Une « culture jeune » initialement réservée aux fortunes de la classe aisée, mais qui réussit à investir progressivement les strates plus modestes de la jeunesse avec l'apparition des « teddy boys » – Teddy étant un surnom familier d'Edouard VII. Ils bricolent les codes vestimentaires de l'upper-class « néo-édouardienne » à coups de pantalons étroits toujours, vestes droites et longues à quatre boutons, gilets et cravate.

Parallèlement, en URSS, les « stiljagi » – terme péjoratif formé à partir du mot « style » – résistent à l'austérité communiste à coups de pantalons très étroits et d'autres vêtements aux coupes originales et aux couleurs bariolées. Ils cherchent à se distinguer de leurs pairs qui vivent sous le régime communiste de rigueur, écoutent de la musique occidentale, majoritairement du jazz, dansent de manière « occidentale » – soit de manière libre, sans répéter les chorégraphies des danses traditionnelles russes et slaves. Et évidement ils sont eux-aussi stigmatisés dans la société et considérés comme des parasites sociaux.

Un mouvement pionnier dans la contre-culture jeune

Finalement, en remettant en cause l'ordre social et moral, les valeurs établies par le régime, auxquelles se conforment les générations supérieures, la jeunesse zazou remet aussi en cause la suprématie parentale. Et c'est ainsi que l'autorité des anciens décline. La jeunesse, en tous cas zazou, se développe comme une entité autonome, qui se distingue des adultes par ses goûts et ses habitudes : le swing, le jazz, les bals clandestins.

Ils cherchent tellement à se différencier de leurs aînés qu'ils forment une jeunesse porteuse d'idéaux réfractaires et d'une culture à part entière. Pour le sociologue Jacques Goguen, spécialiste des mouvements de mode des jeunes : que ce soit musicalement parlant, vestimentairement parlant ou de manière plus globale, artistiquement ou culturellement... chaque mouvance culturelle jeune qui fut, a pu exister grâce aux zazous.
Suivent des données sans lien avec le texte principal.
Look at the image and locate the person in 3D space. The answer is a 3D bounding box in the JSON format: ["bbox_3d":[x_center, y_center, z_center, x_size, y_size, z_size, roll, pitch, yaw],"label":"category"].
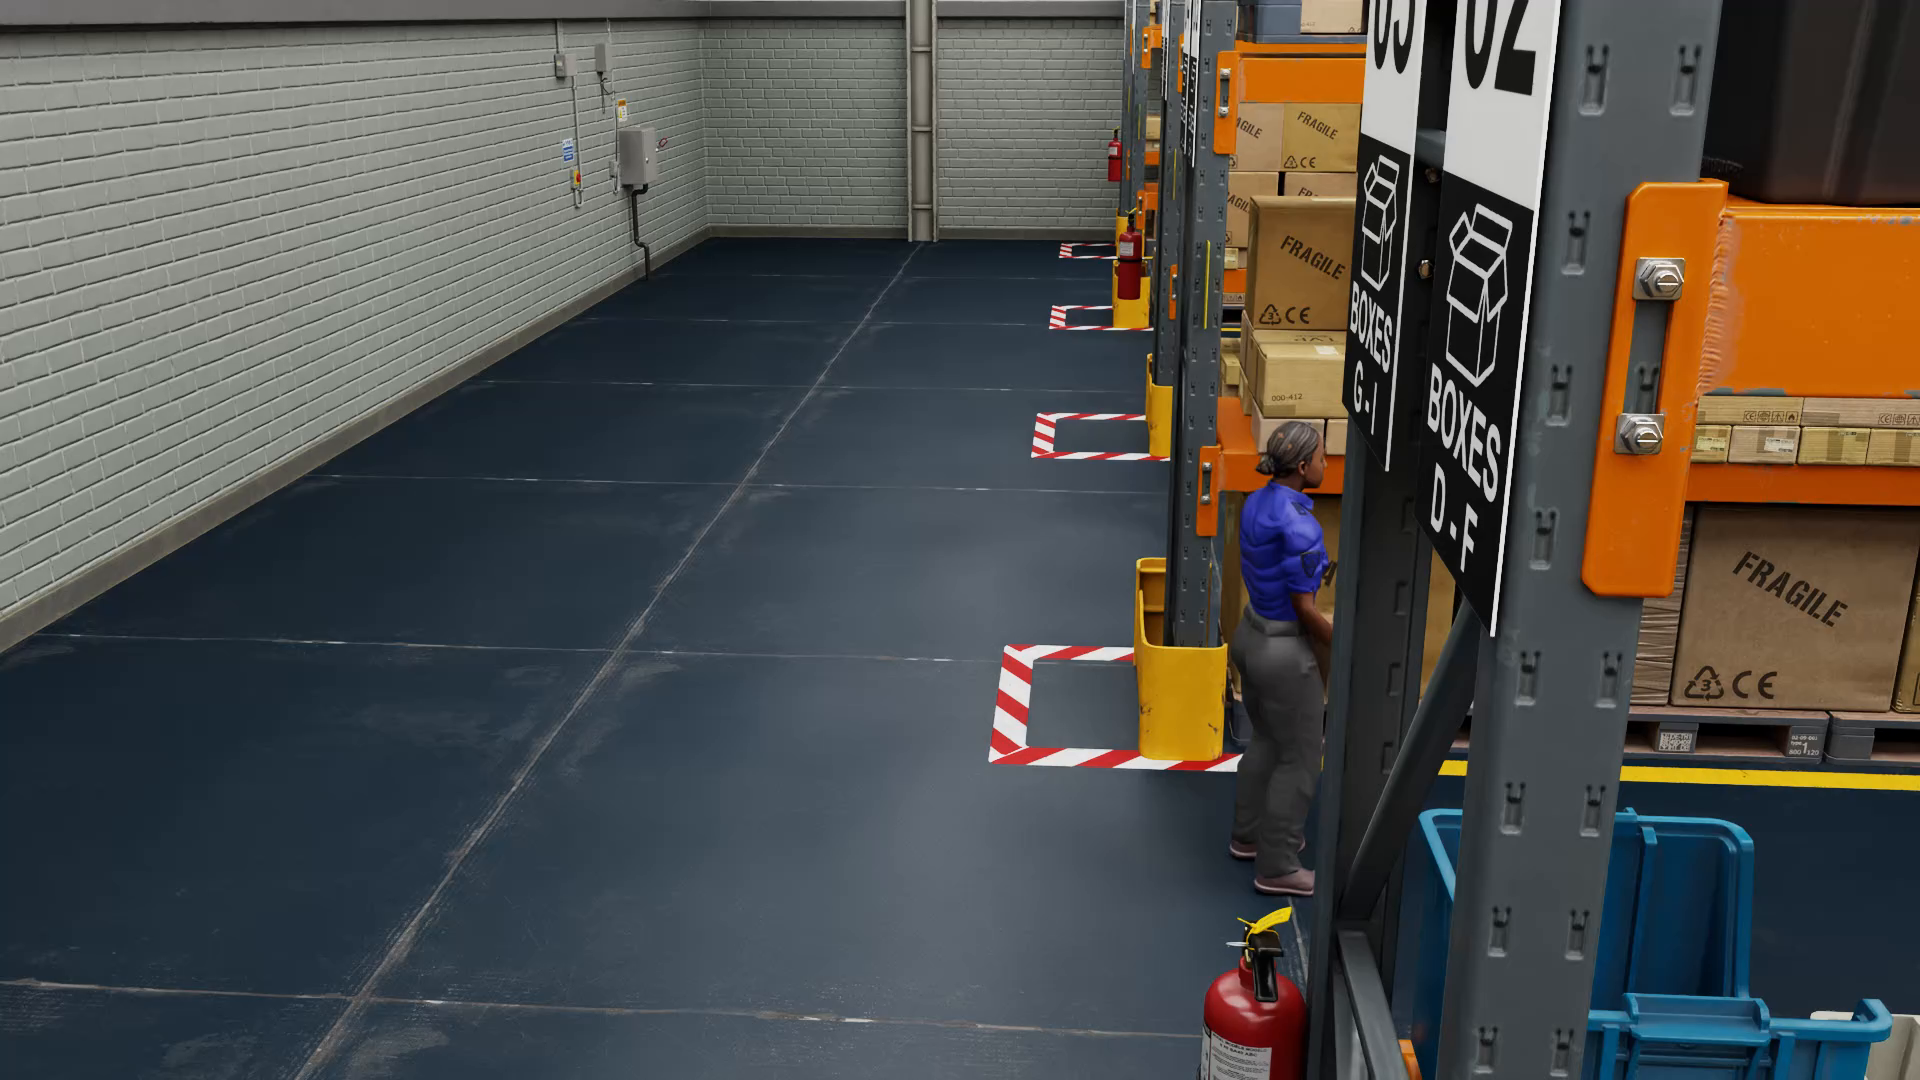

Après la Libération le mouvement zazou s'évapora soudainement, signe qu'ils rejetaient simplement le diktat des goûts et des valeurs de l'époque, qu'ils assimilaient à un conformisme et à une forme de collaboration avec l'ennemi. Mais ils ont tracé le premier sillon et sont véritablement les précurseurs de la « culture jeune ».

Pour aller plus loin

🎧 Et pour en savoir plus écoutez la chronique de Djubaka sur le jazz et la culture zazou !

📖 Extrait du livre de Laure Watrin et Thomas Legrand, Les 100 mots des bobos (2018, éditions PUF) :

Dans la famille bobo, voici la grand-mère et le grand-père zazous. Nés dans les bars et les sous-sols des clubs du Quartier latin, ces jeunes bourgeois anticonformistes écoutent du jazz, dansent le swing et font du vélo, quand ils ne provoquent pas les autorités vichyssoises en affichant leur amour pour la culture anglo-saxonne. Avec leur look de dandy excentrique – longue veste cintrée à carreaux, pantalon large, épaisses semelles et parapluie toujours fermé pour lui, veste à épaulettes, jupe courte plissée, bas à résilles, semelles compensées en bois et bouche vermillon pour elle –, ces hipsters des années 1940 voulaient déjà casser les codes.